Option C: Mock (offline testing)

Set providerMode to any mode without providing an API key. The system will fall back to MockProvider, which returns canned responses based on keyword matching (useful for testing UI flow without burning API credits).


5. Press Play

  1. Enter Play Mode.
  2. Type a message in the chat input and press Enter or click Send.
  3. The NPC will respond in-character, and may trigger animations or open UI panels.

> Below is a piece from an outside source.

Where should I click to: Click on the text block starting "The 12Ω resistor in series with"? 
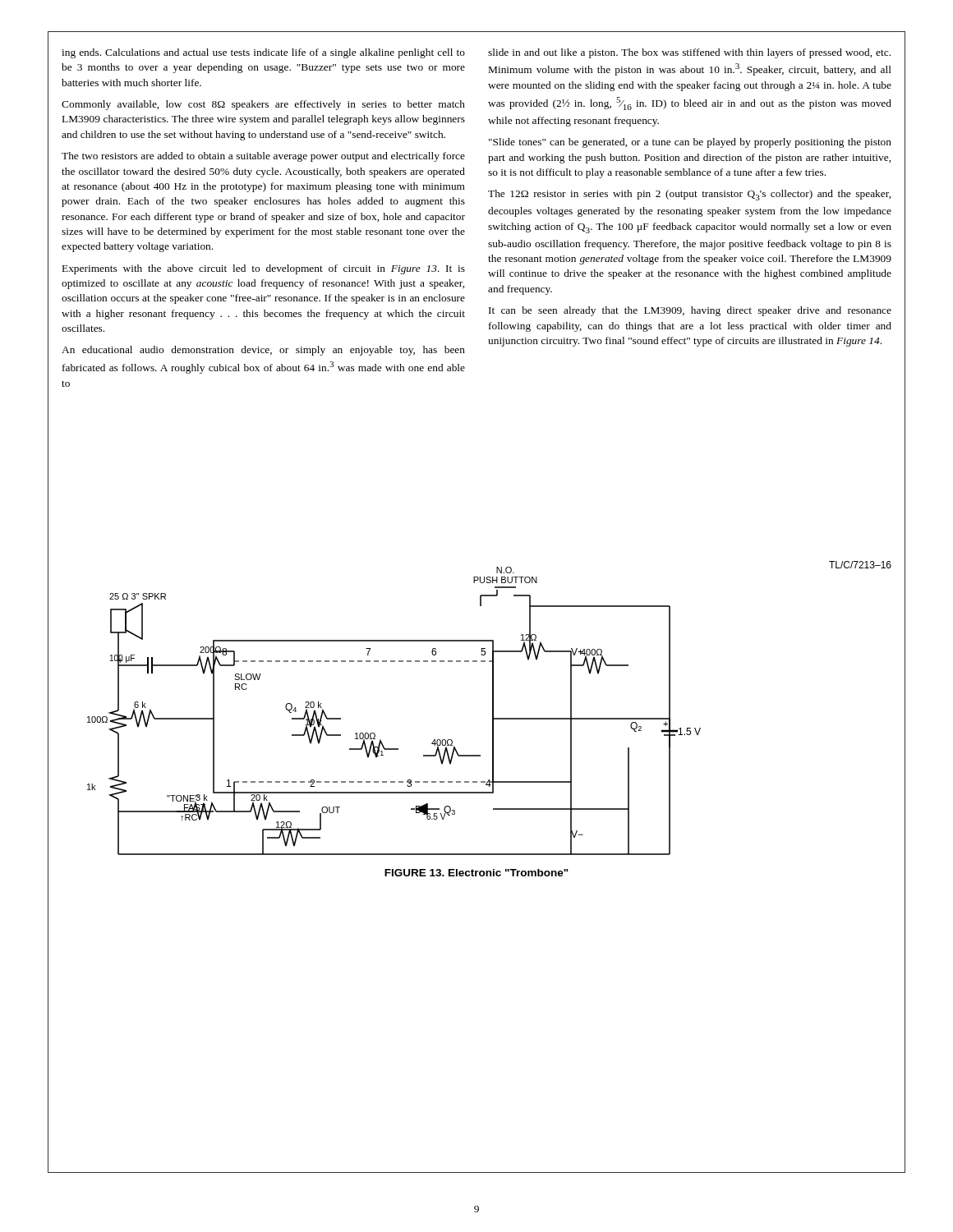pyautogui.click(x=690, y=242)

Check the Console for [AiNpcBrain] log messages if something isn't working.


6. Running the Demo Scene

  1. Open Assets/Scenes/AI Brain Demo.unity.
  2. The scene comes pre-configured with:
  3. Aurelia — a Mixamo character with an Animator Controller
  4. Pre-built ScriptableObject assets in Assets/Samples/
  5. A chat UI with ScrollView
  6. AureliaDemoReceiver for panel routing
  7. NpcAnimationReceiver for animation playback
  8. DemoCursorUnlock to keep the mouse visible
  9. Set your API key in the Aurelia Brain config asset (or run Ollama locally).
  10. Press Play and start chatting.

7. Troubleshooting

Problem Solution
"NPC brain not configured" Assign Persona and Config assets on the AiNpcBrain component.
"The NPC hesitates, unsure what to say" LLM provider failed. Check Console for HTTP errors. Verify API key / Ollama is running.
"The NPC seems confused" LLM returned invalid JSON. Try a more capable model or lower temperature.
Events not firing Check that your Event Catalog has the event defined with correct args. Check fireConfidenceThreshold in config.
Animations not playing Verify the Animation Map has the correct Animator trigger names. Check that NpcAnimationReceiver has an Animator and Animation Map assigned.
Panels not opening Verify WindowRegistryRuntime has bindings populated. Check that WindowPanelId components are on panel roots with matching IDs.